LOS ANGELES —
After the first two killings, Dorner tried to steal a boat in San Diego and flee to Mexico, but the former Navy veteran tangled a rope in the outboard motor and couldn't start it, authorities said. Then he fled to the Big Bear Lake resort area, where his truck axle broke, stranding him on Feb. 7, just ahead of a heavy snowstorm.
He may have caught a break when he found refuge in a vacant vacation cabin just across the street from a command post established for the hundreds of officers frantically searching for him.
Despite a search that involved helicopters and bloodhounds and officers going door-to-door checking hundreds of cabins, Dorner remained out of sight until he was discovered Tuesday at the cabin near the command post.

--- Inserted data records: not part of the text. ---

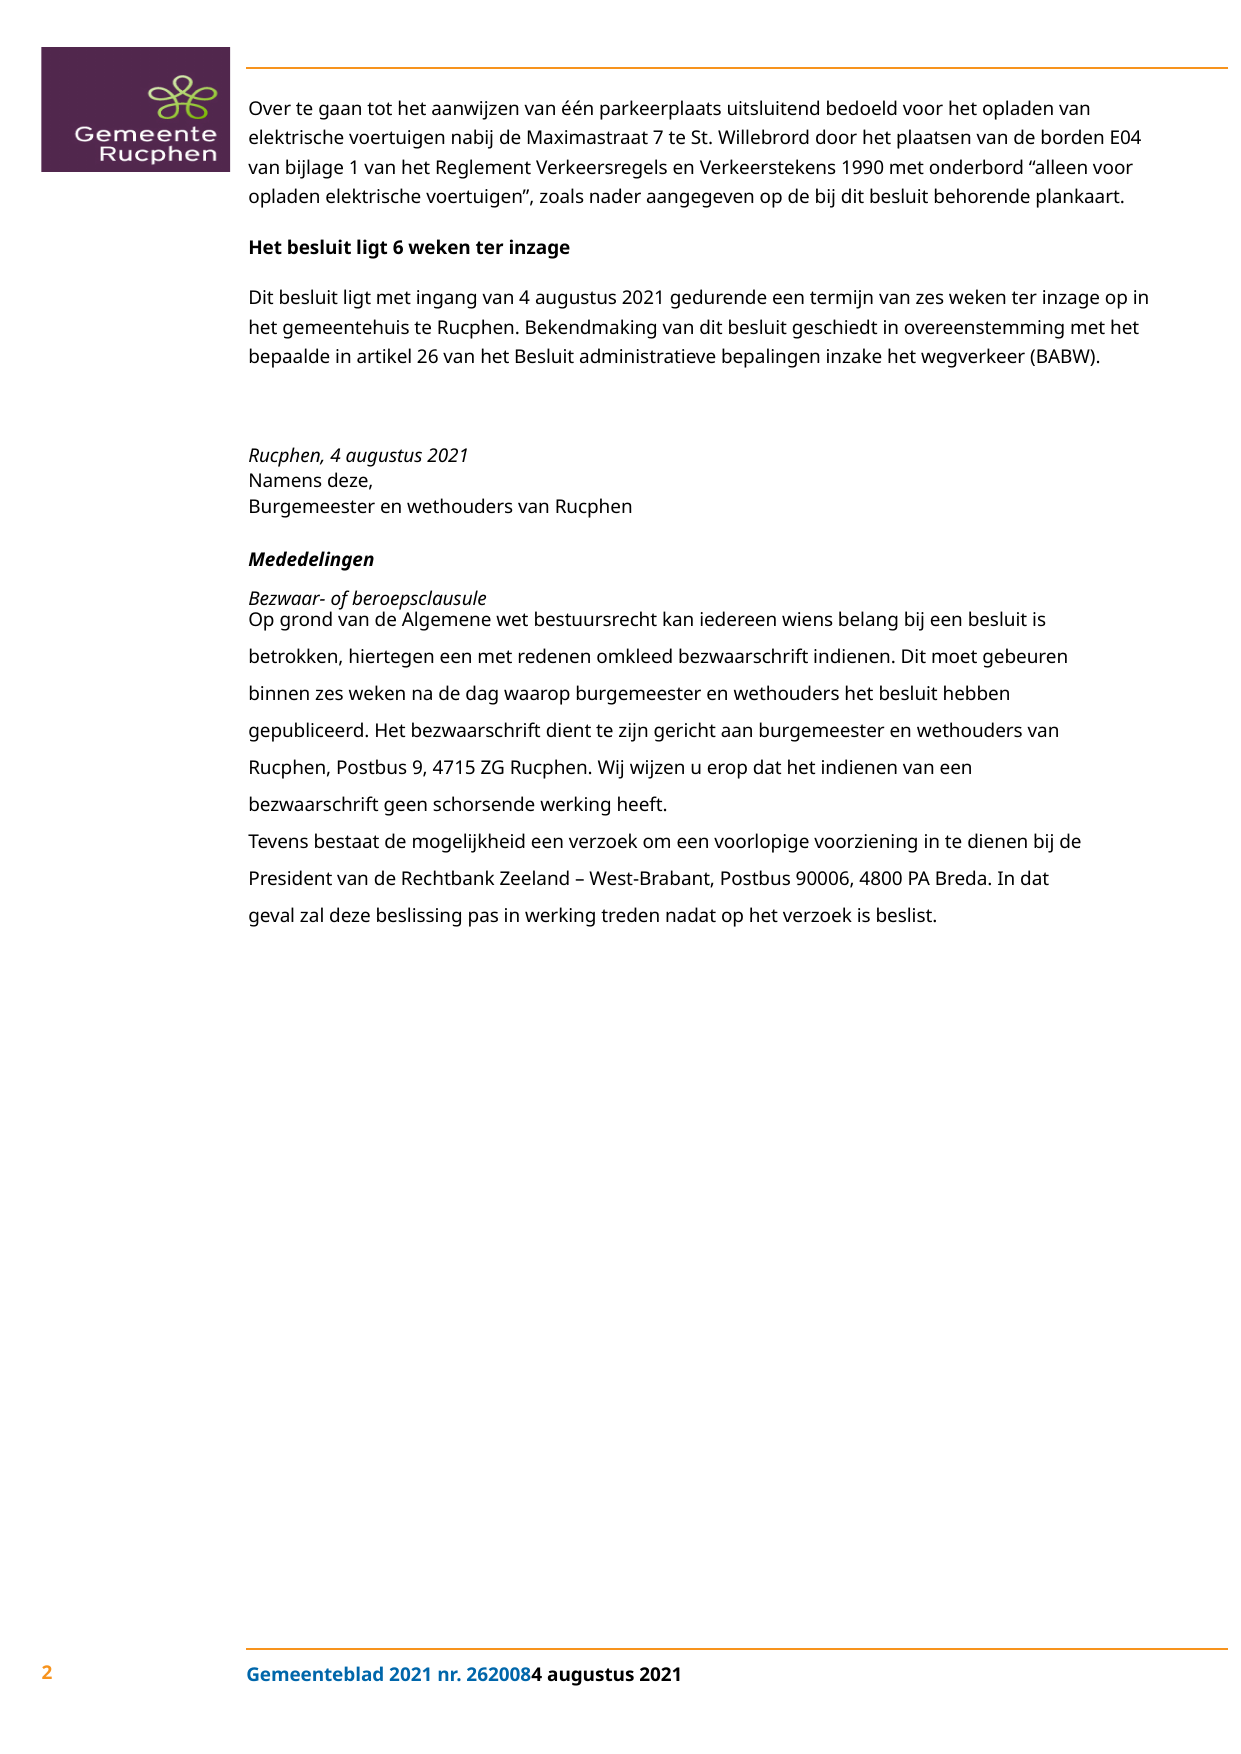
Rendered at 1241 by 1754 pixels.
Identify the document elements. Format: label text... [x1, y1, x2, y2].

text Rucphen, 4 augustus 2021 [248, 442, 1152, 467]
text bezwaarschrift geen schorsende werking heeft. [248, 796, 1152, 815]
text President van de Rechtbank Zeeland – West-Brabant, Postbus 90006, 4800 PA Breda. In dat [248, 870, 1152, 889]
text Over te gaan tot het aanwijzen van één parkeerplaats uitsluitend bedoeld voor het opladen van elektrische voertuigen nabij de Maximastraat 7 te St. Willebrord door het plaatsen van de borden E04 van bijlage 1 van het Reglement Verkeersregels en Verkeerstekens 1990 met onderbord “alleen voor opladen elektrische voertuigen”, zoals nader aangegeven op de bij dit besluit behorende plankaart. [248, 95, 1152, 209]
text Bezwaar- of beroepsclausule [248, 585, 1152, 611]
text Rucphen, Postbus 9, 4715 ZG Rucphen. Wij wijzen u erop dat het indienen van een [248, 759, 1152, 778]
text gepubliceerd. Het bezwaarschrift dient te zijn gericht aan burgemeester en wethouders van [248, 722, 1152, 741]
text Op grond van de Algemene wet bestuursrecht kan iedereen wiens belang bij een besluit is [248, 611, 1152, 630]
picture [41, 47, 231, 172]
text betrokken, hiertegen een met redenen omkleed bezwaarschrift indienen. Dit moet gebeuren [248, 648, 1152, 667]
text binnen zes weken na de dag waarop burgemeester en wethouders het besluit hebben [248, 685, 1152, 704]
text Dit besluit ligt met ingang van 4 augustus 2021 gedurende een termijn van zes weken ter inzage op in het gemeentehuis te Rucphen. Bekendmaking van dit besluit geschiedt in overeenstemming met het bepaalde in artikel 26 van het Besluit administratieve bepalingen inzake het wegverkeer (BABW). [248, 284, 1152, 369]
text Tevens bestaat de mogelijkheid een verzoek om een voorlopige voorziening in te dienen bij de [248, 833, 1152, 852]
text geval zal deze beslissing pas in werking treden nadat op het verzoek is beslist. [248, 907, 1152, 926]
text Mededelingen [248, 546, 1152, 572]
text Burgemeester en wethouders van Rucphen [248, 493, 1152, 519]
text Het besluit ligt 6 weken ter inzage [248, 234, 1152, 260]
text Namens deze, [248, 467, 1152, 493]

San Bernardino County Deputy Chief Steve Kovensky said searchers had not seen any forced entry when they checked it, but he could not provide details about exactly when that check was made.
Authorities, for the most part, looked at cabins boarded up for the winter, said Dan Sforza, assistant chief of the California Department of Fish and Wildlife, and often didn't enter occupied homes where nothing appeared amiss.

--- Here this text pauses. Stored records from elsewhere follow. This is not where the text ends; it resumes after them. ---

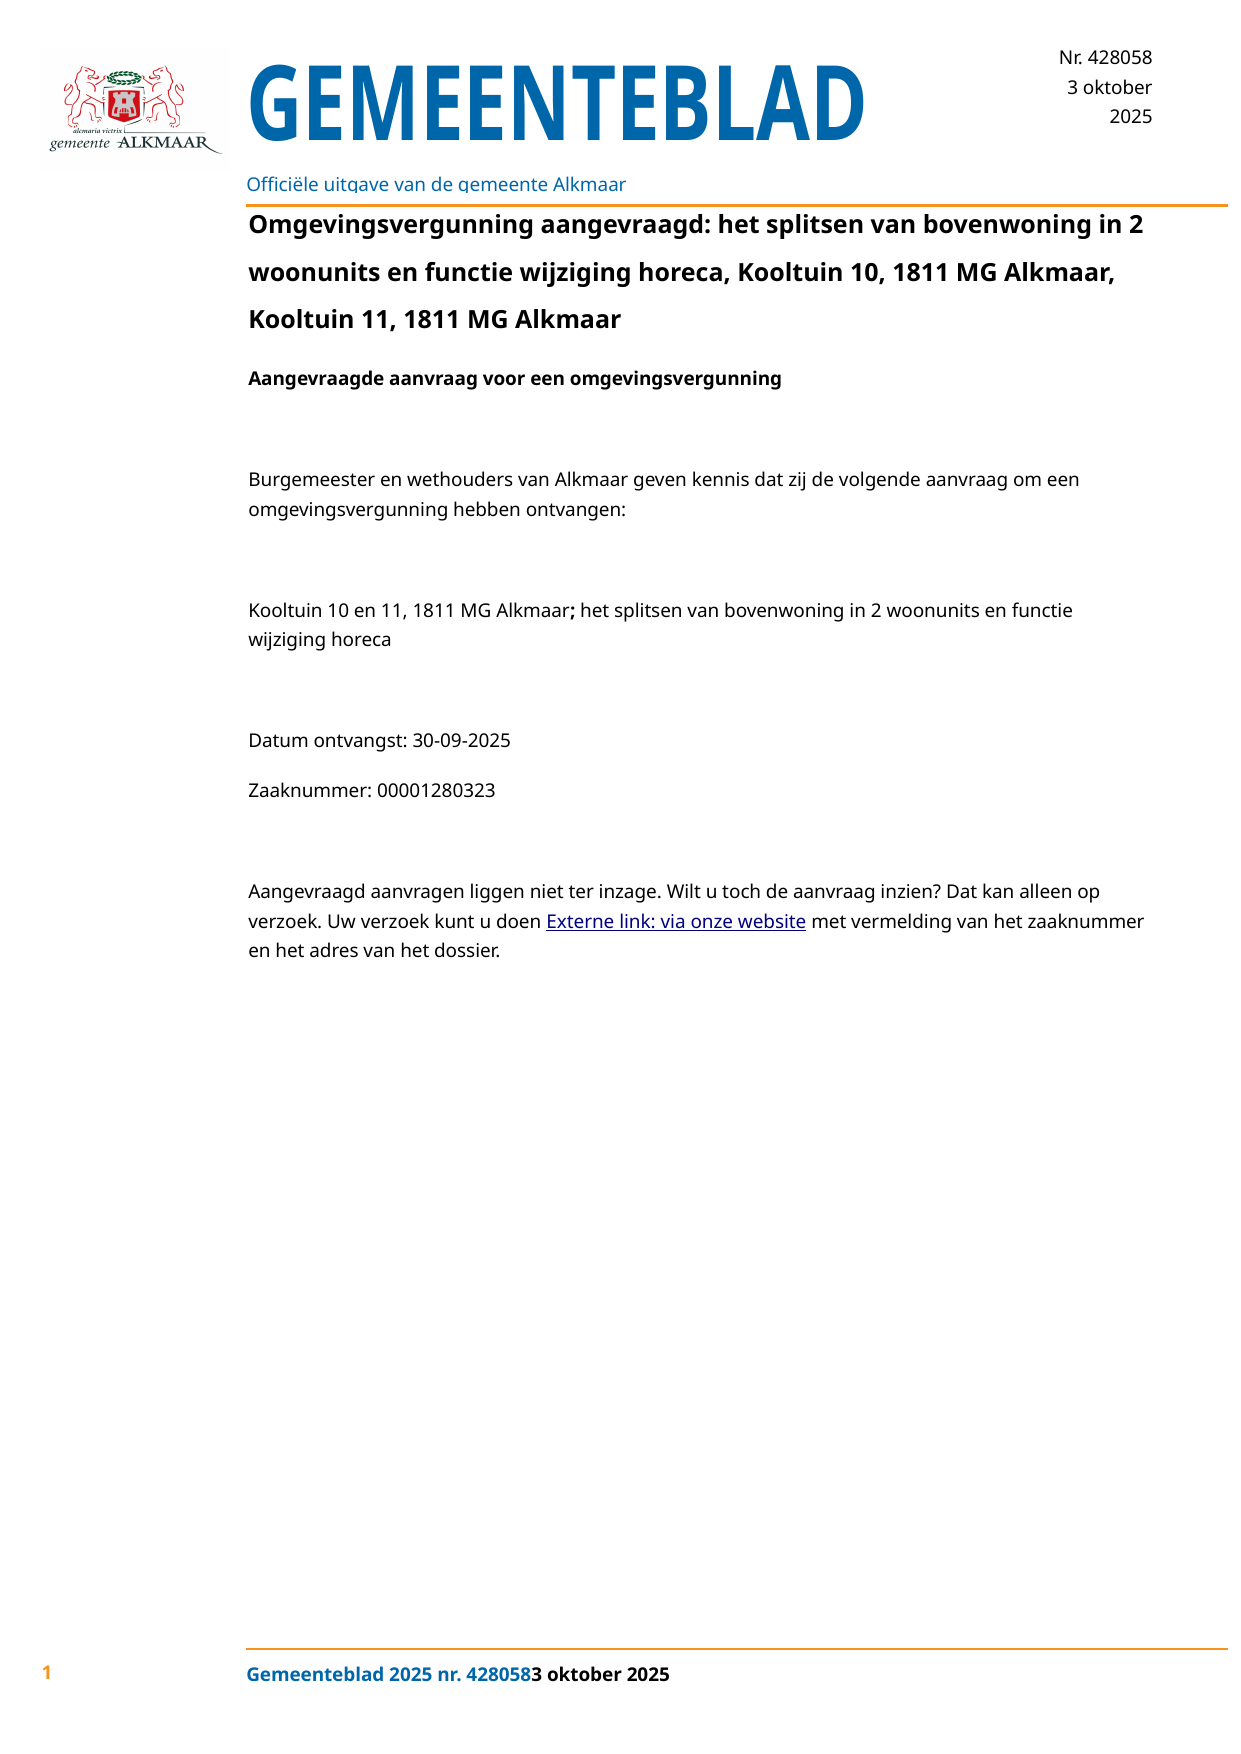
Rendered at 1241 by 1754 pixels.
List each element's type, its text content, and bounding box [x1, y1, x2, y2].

text Aangevraagde aanvraag voor een omgevingsvergunning [248, 366, 1152, 391]
text Kooltuin 10 en 11, 1811 MG Alkmaar; het splitsen van bovenwoning in 2 woonunits en functie wijziging horeca [248, 597, 1152, 652]
picture [41, 47, 231, 172]
text Burgemeester en wethouders van Alkmaar geven kennis dat zij de volgende aanvraag om een omgevingsvergunning hebben ontvangen: [248, 466, 1152, 522]
text Aangevraagd aanvragen liggen niet ter inzage. Wilt u toch de aanvraag inzien? Dat kan alleen op verzoek. Uw verzoek kunt u doen Externe link: via onze website met vermelding van het zaaknummer en het adres van het dossier. [248, 878, 1152, 963]
text Datum ontvangst: 30-09-2025 [248, 727, 1152, 753]
text Omgevingsvergunning aangevraagd: het splitsen van bovenwoning in 2 woonunits en functie wijziging horeca, Kooltuin 10, 1811 MG Alkmaar, Kooltuin 11, 1811 MG Alkmaar [248, 207, 1152, 336]
text Zaaknummer: 00001280323 [248, 778, 1152, 803]

As he fled in the Nissan, Dorner managed to elude authorities for a time by pulling behind two school buses and making a quick turn onto a mountain road. But he crashed the car there and had to steal another.
That's when he confronted Rick Heltebrake, a ranger who takes care of a Boy Scout camp nearby, and took his pickup. Heltebrake was checking the perimeter of the camp for anything out of the ordinary when he saw Dorner emerge from behind some trees. He was dressed in military fatigues and holding a semi-automatic-style rifle.
"I don't want to hurt you. Start walking and take your dog," Heltebrake recalled Dorner saying as he pointed the gun at him. He fled with his 3-year-old Dalmatian, Suni, and immediately called police, who quickly found the suspect again.